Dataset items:
------------------------------------------------------------------------
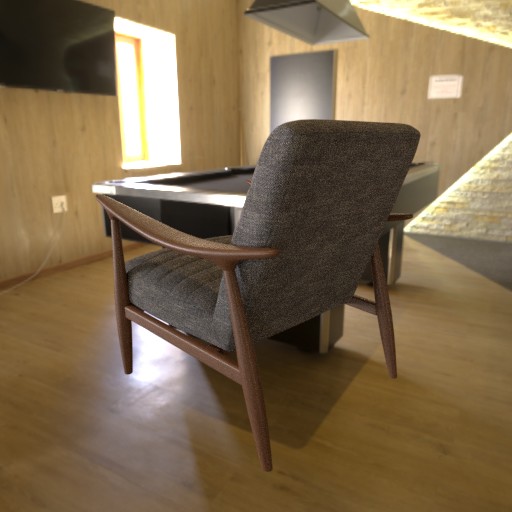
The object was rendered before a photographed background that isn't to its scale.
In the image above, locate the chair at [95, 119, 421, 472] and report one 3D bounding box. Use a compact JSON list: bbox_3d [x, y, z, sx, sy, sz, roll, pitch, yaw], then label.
[{"bbox_3d":[0.000,0.000,1.436,0.741,0.832,0.798,-15,22,-42],"label":"chair"}]
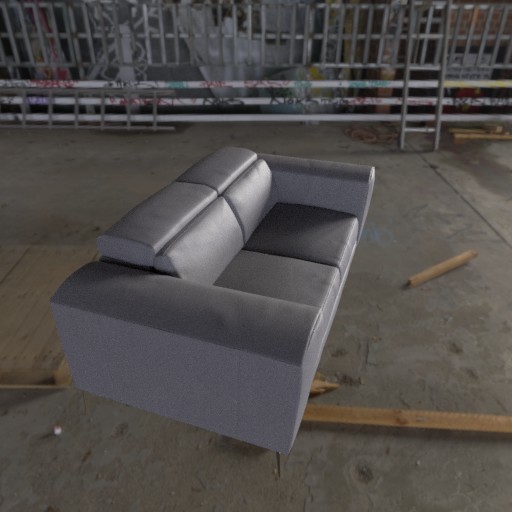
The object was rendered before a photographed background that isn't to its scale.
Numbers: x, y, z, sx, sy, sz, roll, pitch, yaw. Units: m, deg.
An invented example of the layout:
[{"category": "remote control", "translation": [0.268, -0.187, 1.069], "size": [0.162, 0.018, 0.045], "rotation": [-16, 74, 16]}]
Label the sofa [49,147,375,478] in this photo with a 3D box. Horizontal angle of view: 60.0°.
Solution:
[{"category": "sofa", "translation": [0.000, 0.000, 2.377], "size": [1.003, 0.779, 1.895], "rotation": [11, 33, 17]}]
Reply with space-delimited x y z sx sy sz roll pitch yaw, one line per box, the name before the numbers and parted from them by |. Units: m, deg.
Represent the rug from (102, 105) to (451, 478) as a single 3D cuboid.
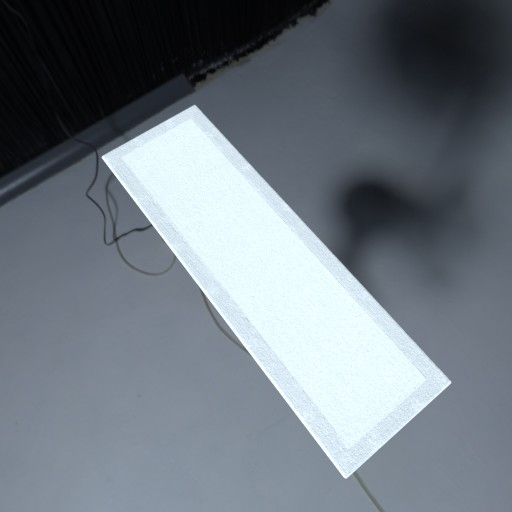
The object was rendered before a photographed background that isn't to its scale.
rug | 0.000 0.000 2.658 0.759 0.012 2.430 -35 70 -15
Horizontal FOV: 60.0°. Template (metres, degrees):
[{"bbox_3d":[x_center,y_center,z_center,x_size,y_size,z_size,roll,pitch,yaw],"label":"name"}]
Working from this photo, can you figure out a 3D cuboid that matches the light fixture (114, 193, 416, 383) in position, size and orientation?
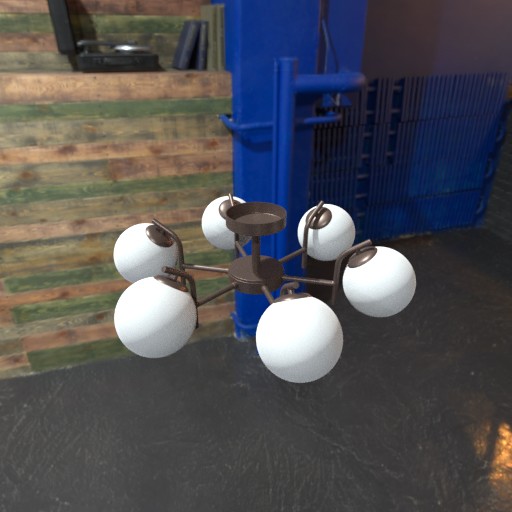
------------------------------------------------------------------------
HOW TO COMPLETE THIS TASK – Once the pictures are set aside, repeat the data above exactly as written.

EXERCISE OUTPUT –
The object was rendered before a photographed background that isn't to its scale.
In the image above, locate the chair at [95, 119, 421, 472] and report one 3D bounding box. Use a compact JSON list: bbox_3d [x, y, z, sx, sy, sz, roll, pitch, yaw], then label.
[{"bbox_3d":[0.000,0.000,1.436,0.741,0.832,0.798,-15,22,-42],"label":"chair"}]
The object was rendered before a photographed background that isn't to its scale.
Numbers: x, y, z, sx, sy, sz, roll, pitch, yaw. Units: m, deg.
An invented example of the layout:
[{"category": "remote control", "translation": [0.268, -0.187, 1.069], "size": [0.162, 0.018, 0.045], "rotation": [-16, 74, 16]}]
Label the sofa [49,147,375,478] in this photo with a 3D box. Horizontal angle of view: 60.0°.
Solution:
[{"category": "sofa", "translation": [0.000, 0.000, 2.377], "size": [1.003, 0.779, 1.895], "rotation": [11, 33, 17]}]
Reply with space-delimited x y z sx sy sz roll pitch yaw, one line per box, the name before the numbers and parted from them by |. Units: m, deg.
Represent the rug from (102, 105) to (451, 478) as a single 3D cuboid.
The object was rendered before a photographed background that isn't to its scale.
rug | 0.000 0.000 2.658 0.759 0.012 2.430 -35 70 -15
Horizontal FOV: 60.0°. Template (metres, degrees):
[{"bbox_3d":[x_center,y_center,z_center,x_size,y_size,z_size,roll,pitch,yaw],"label":"name"}]
Working from this photo, can you figure out a 3D cuboid that matches the light fixture (114, 193, 416, 383) in position, size and orientation?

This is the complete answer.